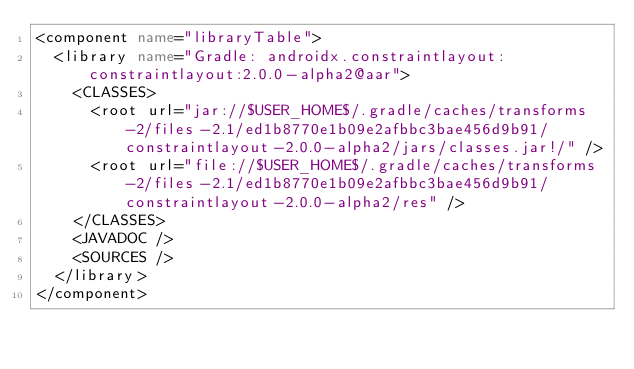Convert code to text. <code><loc_0><loc_0><loc_500><loc_500><_XML_><component name="libraryTable">
  <library name="Gradle: androidx.constraintlayout:constraintlayout:2.0.0-alpha2@aar">
    <CLASSES>
      <root url="jar://$USER_HOME$/.gradle/caches/transforms-2/files-2.1/ed1b8770e1b09e2afbbc3bae456d9b91/constraintlayout-2.0.0-alpha2/jars/classes.jar!/" />
      <root url="file://$USER_HOME$/.gradle/caches/transforms-2/files-2.1/ed1b8770e1b09e2afbbc3bae456d9b91/constraintlayout-2.0.0-alpha2/res" />
    </CLASSES>
    <JAVADOC />
    <SOURCES />
  </library>
</component></code> 
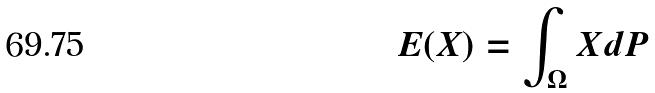Convert formula to latex. <formula><loc_0><loc_0><loc_500><loc_500>E ( X ) = \int _ { \Omega } X d P</formula> 
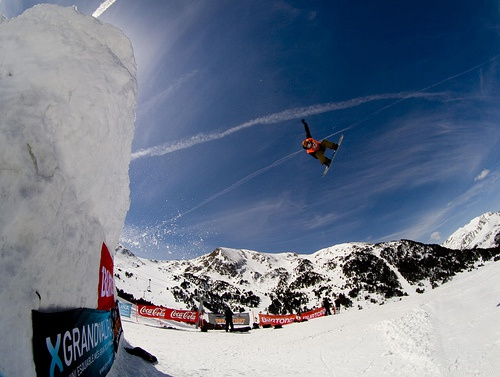Describe the objects in this image and their specific colors. I can see people in darkgray, black, navy, maroon, and brown tones, people in darkgray, black, lightgray, gray, and maroon tones, snowboard in darkgray, navy, gray, blue, and black tones, and people in darkgray, black, gray, purple, and lightgray tones in this image. 
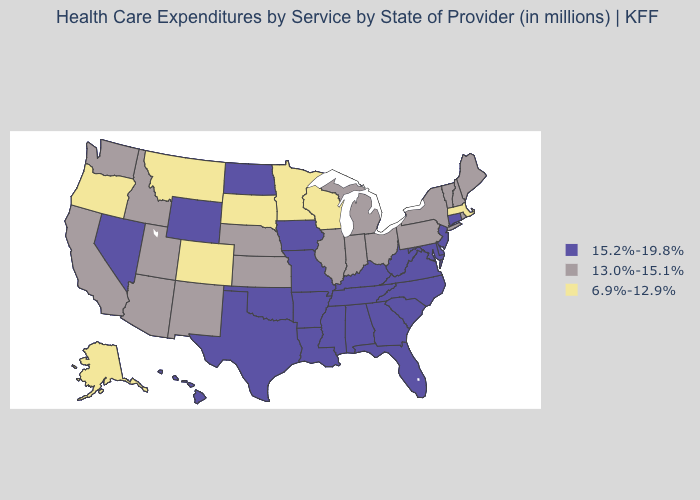Name the states that have a value in the range 15.2%-19.8%?
Concise answer only. Alabama, Arkansas, Connecticut, Delaware, Florida, Georgia, Hawaii, Iowa, Kentucky, Louisiana, Maryland, Mississippi, Missouri, Nevada, New Jersey, North Carolina, North Dakota, Oklahoma, South Carolina, Tennessee, Texas, Virginia, West Virginia, Wyoming. What is the highest value in states that border Massachusetts?
Answer briefly. 15.2%-19.8%. What is the value of Kansas?
Answer briefly. 13.0%-15.1%. Among the states that border South Carolina , which have the lowest value?
Answer briefly. Georgia, North Carolina. Does Indiana have a lower value than Nebraska?
Concise answer only. No. What is the value of Illinois?
Concise answer only. 13.0%-15.1%. Does the map have missing data?
Quick response, please. No. What is the value of Maine?
Quick response, please. 13.0%-15.1%. Name the states that have a value in the range 6.9%-12.9%?
Write a very short answer. Alaska, Colorado, Massachusetts, Minnesota, Montana, Oregon, South Dakota, Wisconsin. Among the states that border Utah , does Idaho have the highest value?
Short answer required. No. Is the legend a continuous bar?
Give a very brief answer. No. What is the value of Tennessee?
Quick response, please. 15.2%-19.8%. Name the states that have a value in the range 6.9%-12.9%?
Give a very brief answer. Alaska, Colorado, Massachusetts, Minnesota, Montana, Oregon, South Dakota, Wisconsin. 
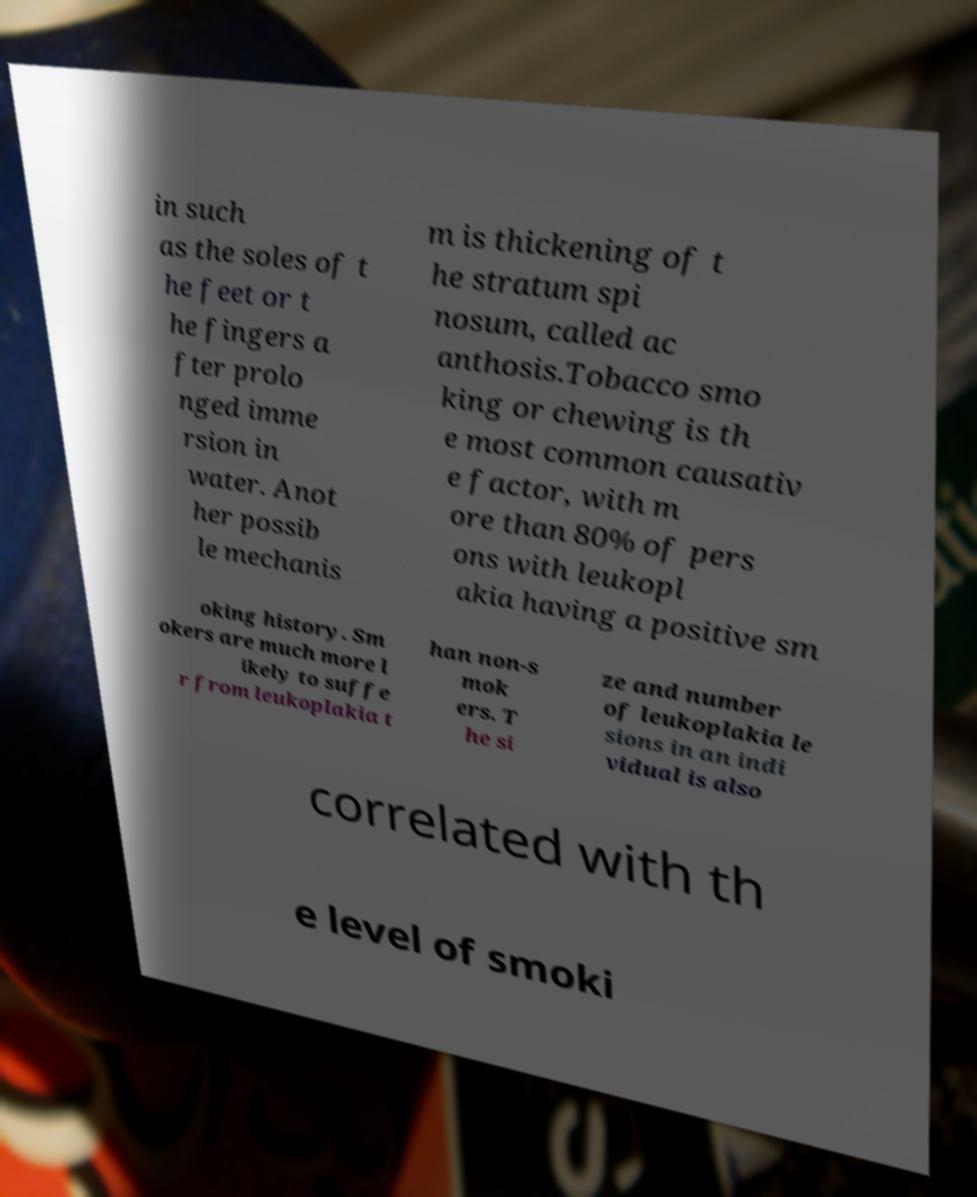Can you read and provide the text displayed in the image?This photo seems to have some interesting text. Can you extract and type it out for me? in such as the soles of t he feet or t he fingers a fter prolo nged imme rsion in water. Anot her possib le mechanis m is thickening of t he stratum spi nosum, called ac anthosis.Tobacco smo king or chewing is th e most common causativ e factor, with m ore than 80% of pers ons with leukopl akia having a positive sm oking history. Sm okers are much more l ikely to suffe r from leukoplakia t han non-s mok ers. T he si ze and number of leukoplakia le sions in an indi vidual is also correlated with th e level of smoki 
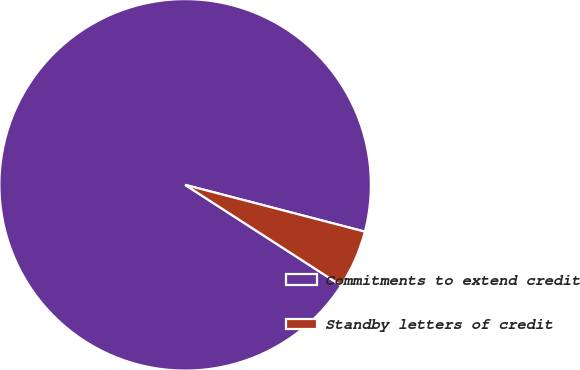Convert chart to OTSL. <chart><loc_0><loc_0><loc_500><loc_500><pie_chart><fcel>Commitments to extend credit<fcel>Standby letters of credit<nl><fcel>94.93%<fcel>5.07%<nl></chart> 
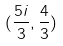<formula> <loc_0><loc_0><loc_500><loc_500>( \frac { 5 i } { 3 } , \frac { 4 } { 3 } )</formula>

▸ Action item
Check each line of the listing above for the string "only" and return those that contain it.

▸ Output of the task
Concise answer only. Alabama, Arkansas, Connecticut, Delaware, Florida, Georgia, Hawaii, Iowa, Kentucky, Louisiana, Maryland, Mississippi, Missouri, Nevada, New Jersey, North Carolina, North Dakota, Oklahoma, South Carolina, Tennessee, Texas, Virginia, West Virginia, Wyoming. What is the highest value in states that border Massachusetts?
Concise answer only. No. What is the value of Illinois?
Concise answer only. 13.0%-15.1%. Does the map have missing data?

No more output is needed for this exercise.